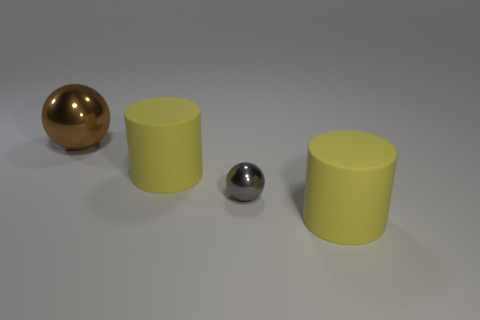Add 2 brown shiny things. How many objects exist? 6 Add 2 big brown metal balls. How many big brown metal balls exist? 3 Subtract 0 blue balls. How many objects are left? 4 Subtract all big green metal cylinders. Subtract all large brown balls. How many objects are left? 3 Add 4 yellow rubber objects. How many yellow rubber objects are left? 6 
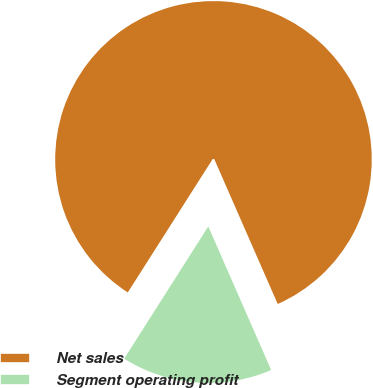Convert chart to OTSL. <chart><loc_0><loc_0><loc_500><loc_500><pie_chart><fcel>Net sales<fcel>Segment operating profit<nl><fcel>84.41%<fcel>15.59%<nl></chart> 
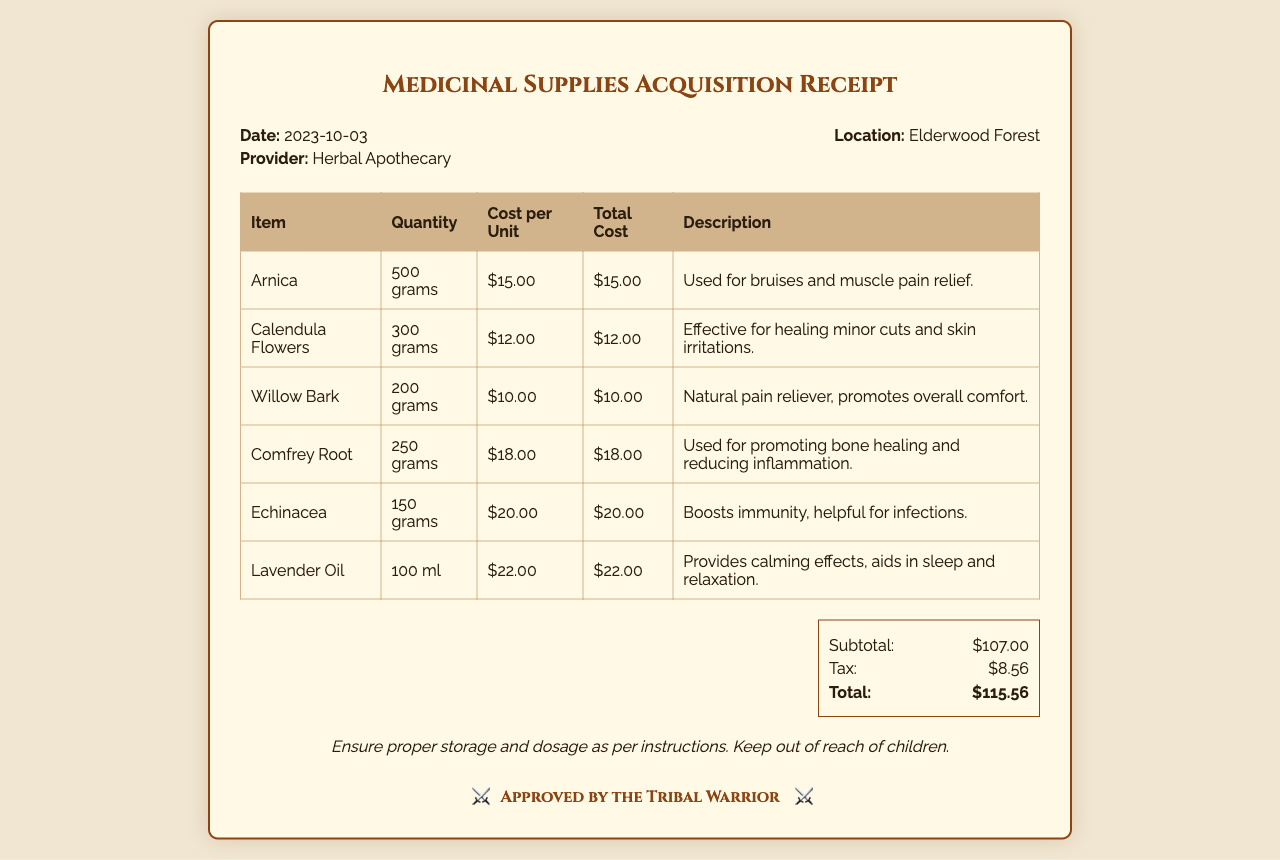What is the date of the receipt? The receipt indicates that the date of the transaction is displayed prominently at the top of the document.
Answer: 2023-10-03 Who is the provider of the medicinal supplies? The provider's name is mentioned in the header section of the receipt.
Answer: Herbal Apothecary What is the location of the supplier? The location where the supplies were acquired is noted in the header.
Answer: Elderwood Forest How many grams of Arnica were purchased? The quantity of Arnica is detailed in the table listing the medicinal supplies.
Answer: 500 grams What is the total cost including tax? The total cost is summarized at the bottom of the receipt after calculating the subtotal and tax.
Answer: $115.56 Which item costs the most? By comparing the costs per unit for each item, the highest-cost item can be identified from the table.
Answer: Lavender Oil What is the subtotal amount? The subtotal is clearly listed in the summary section of the receipt.
Answer: $107.00 How many grams of Echinacea were purchased? The specific quantity of Echinacea is stated in the detailed item list on the receipt.
Answer: 150 grams What is the purpose of Calendula Flowers? The purpose of each item is described in the last column of the table.
Answer: Healing minor cuts and skin irritations 
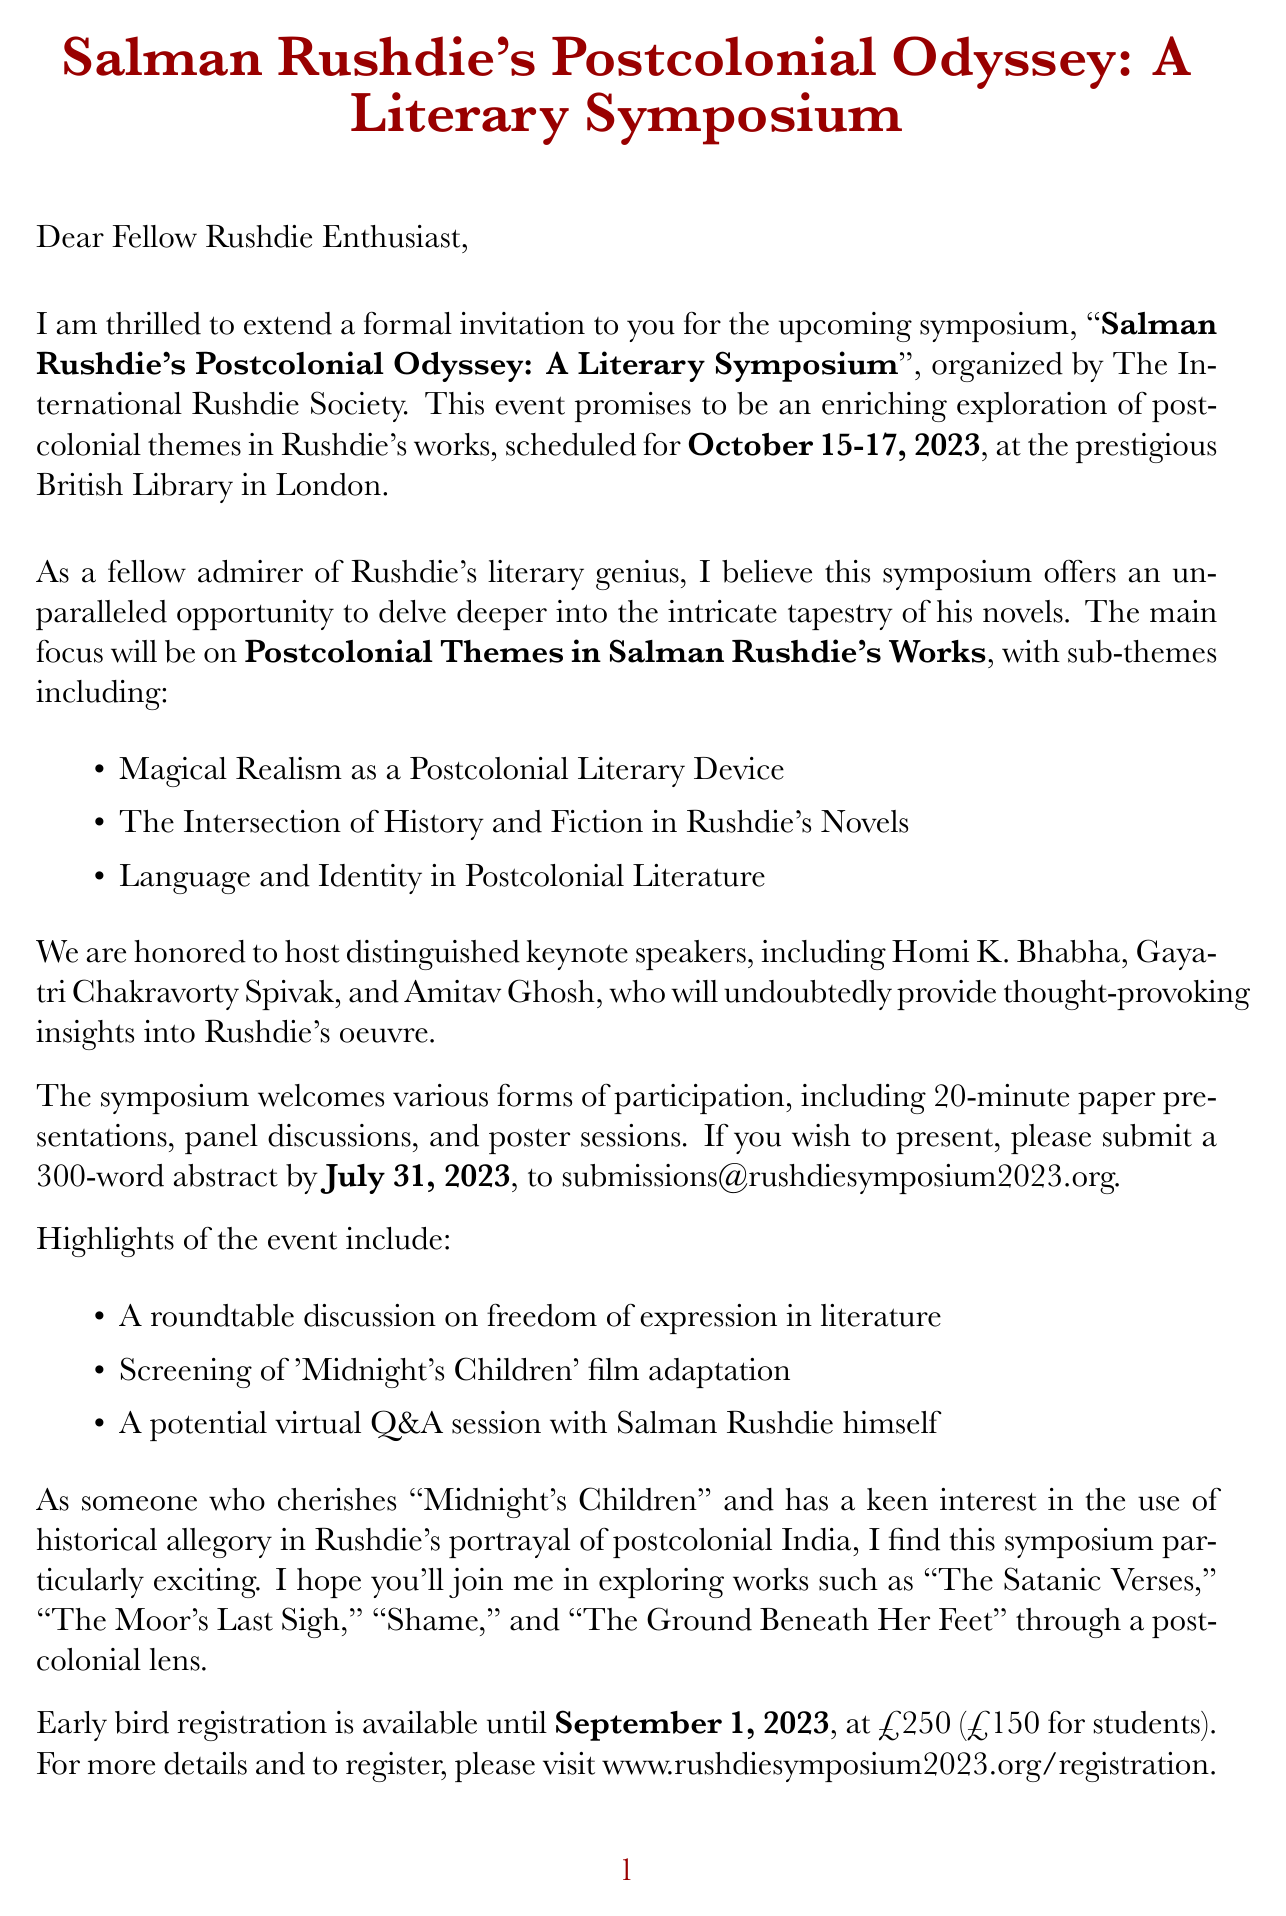What are the dates of the symposium? The dates of the symposium are explicitly stated in the document as "October 15-17, 2023."
Answer: October 15-17, 2023 Who is the organizer of the event? The document clearly identifies "The International Rushdie Society" as the organizer of the symposium.
Answer: The International Rushdie Society What is the main theme of the symposium? The main theme is outlined in the document as "Postcolonial Themes in Salman Rushdie's Works."
Answer: Postcolonial Themes in Salman Rushdie's Works What is the submission deadline for abstracts? The document specifies that the submission deadline for abstracts is "July 31, 2023."
Answer: July 31, 2023 What type of session is NOT mentioned as a participation format? The document lists several formats for participation but does not include "workshops."
Answer: workshops Who are the key speakers at the event? The names of the key speakers are listed in the document, which includes Homi K. Bhabha, Gayatri Chakravorty Spivak, and Amitav Ghosh.
Answer: Homi K. Bhabha, Gayatri Chakravorty Spivak, Amitav Ghosh What is the early bird registration fee? The early bird registration fee is mentioned in the document as £250.
Answer: £250 What film adaptation will be screened at the symposium? The document states that there will be a screening of "Midnight's Children."
Answer: Midnight's Children What is the word limit for the abstract submission? The document indicates that the abstract length should be "300 words."
Answer: 300 words

........

→ **What is needed**
Return, in full, every line of these entries that holds "workshops".

→ **Solution to this task**
Answer: July 31, 2023 What type of session is NOT mentioned as a participation format? The document lists several formats for participation but does not include "workshops."
Answer: workshops Who are the key speakers at the event? The names of the key speakers are listed in the document, which includes Homi K. Bhabha, Gayatri Chakravorty Spivak, and Amitav Ghosh.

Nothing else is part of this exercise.